Économie

Recettes pétrolières : le Tchad perd 1 million d’euros par jour

Réservé aux abonnés
Mis à jour le 2 juillet 2021 à 11:08

Grâce aux revenus du pétrole, le Tchad a multiplié les projets d’infrastructures dans le pays. Pas nécessairement à bon escient. © Réussite

Face à la pandémie, le gouvernement a allégé la fiscalité, engendrant un important manque à gagner pour le Trésor public, déjà exsangue.

« Malgré la hausse de volume des exportations et le cours du Brent, les recettes pétrolières diminuent par rapport au premier trimestre 2020 », a indiqué l’Observatoire tchadien des finances publiques dans une note sur le service pétrolier publiée le 29 juin.

Les recettes pétrolières ont diminué de -68,4 % entre le premier trimestre 2020 et le premier trimestre 2021  –passant de 102 milliards de F CFA (156 millions d’euros) à 32,2 milliards de F CA (49 millions d’euros). Cela représente un manque à gagner d’environ 107 millions d’euros sur trois mois, soit 1,2 million d’euros par jour en moyenne, pour l’État tchadien durant cette période.

Par ailleurs, rappelle l’Observatoire, qui dépend du ministère des Finances et du Budget, le cours moyen du Brent était de 60,82 dollars au premier trimestre 2021 contre 50,43 dollars un an plus tôt, soit une progression de +20,6%.

Allégements fiscaux

La baisse des recettes est la conséquence des allégements fiscaux décrétés par N’Djamena pour soutenir l’économie en réponse à la crise du Covid-19. « Cette diminution est en lien avec la baisse de l’impôt sur les sociétés causée par la crise sanitaire mondiale en début de l’année 2020, malgré la hausse de volume des exportations et du cours de Brent », ajoute l’observatoire.

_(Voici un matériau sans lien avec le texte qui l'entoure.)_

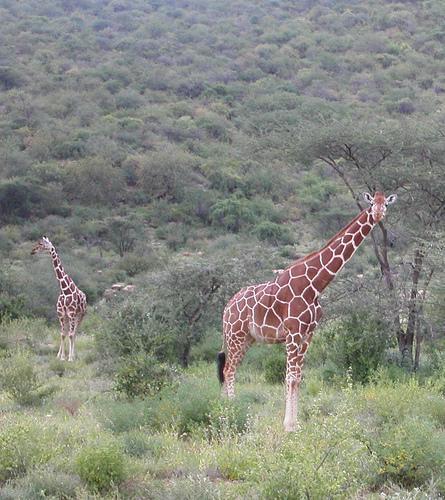How many giraffes are there?
Give a very brief answer. 2. How many giraffes are in the picture?
Give a very brief answer. 2.

Les recettes tirées des impôts sur les sociétés pétrolières ont baissé de – 46 %

L’État a ainsi réduit de moitié plusieurs prélèvements pour six mois en avril 2020 et prolongé ces mesures d’un semestre supplémentaire en octobre.

Dans le détail, les recettes tirées des impôts sur les sociétés pétrolières ont baissé de – 46 % à 22 milliards de F CFA, tandis que la redevance sur la production et le dividende (52 milliards de F CFA au premier trimestre 2020) n’a pas été perçue au titre des trois premiers mois de cette année.

Par ailleurs, en dépit du manque à gagner lié aux exonérations fiscales, le gouvernement doit rembourser sa dette auprès de la société minière et de négoce Glencore – qui représente près d’un tiers de ses encours extérieurs.

Selon les chiffres de l’Observatoire tchadien des finances publiques, les créances dues par N’Djamena au trader basé en Suisse ont atteint 32 millions de dollars au premier trimestre 2021, dont 25 millions de dollars de principal et 7 millions de dollars d’intérêts.

Rembourser la dette

Le gouvernement table toutefois sur une hausse des encaissements sur l’ensemble de l’année, avec 346 milliards de F CFA de recettes pétrolières attendues pour 2021, provenant à moitié des versements des compagnies et à moitié des ventes directes à l’export.

N’Djamena parie également sur un rebond des impôts sur les bénéfices à 141 milliards de F CFA sur l’ensemble de l’année, ils avaient reculé de moitié sur un an à seulement 22 milliards au premier trimestre 2021.

Ces nouvelles entrées d’argent frais seront d’autant plus nécessaires qu’en plus des incitations fiscales, le gouvernement a dû sortir le chéquier pour soutenir l’économie pendant la pandémie.

Feu le président Idriss Déby Itno avait annoncé l’an dernier le paiement d’une partie des arriérées dus aux entreprises privées (110 milliards de F CFA sur les 1 000 milliards estimés), ainsi que la création d’un fonds pour faciliter l’octroi aux jeunes de prêts bancaires garantis par l’État à hauteur de 70 % (30 milliards de F CFA).

Pour réduire la pression sur sa trésorerie et relancer l’économie, le Tchad a demandé la restructuration de sa dette dans le cadre de l’initiative « cadre commun » mise en place entre le Club de Paris et le G20.

Par ailleurs, en janvier, le FMI et N’Djamena ont conclu un accord dans le cadre de la Facilité élargie de crédit et du Mécanisme élargi de crédit portant sur 560 millions de dollars sur quatre ans.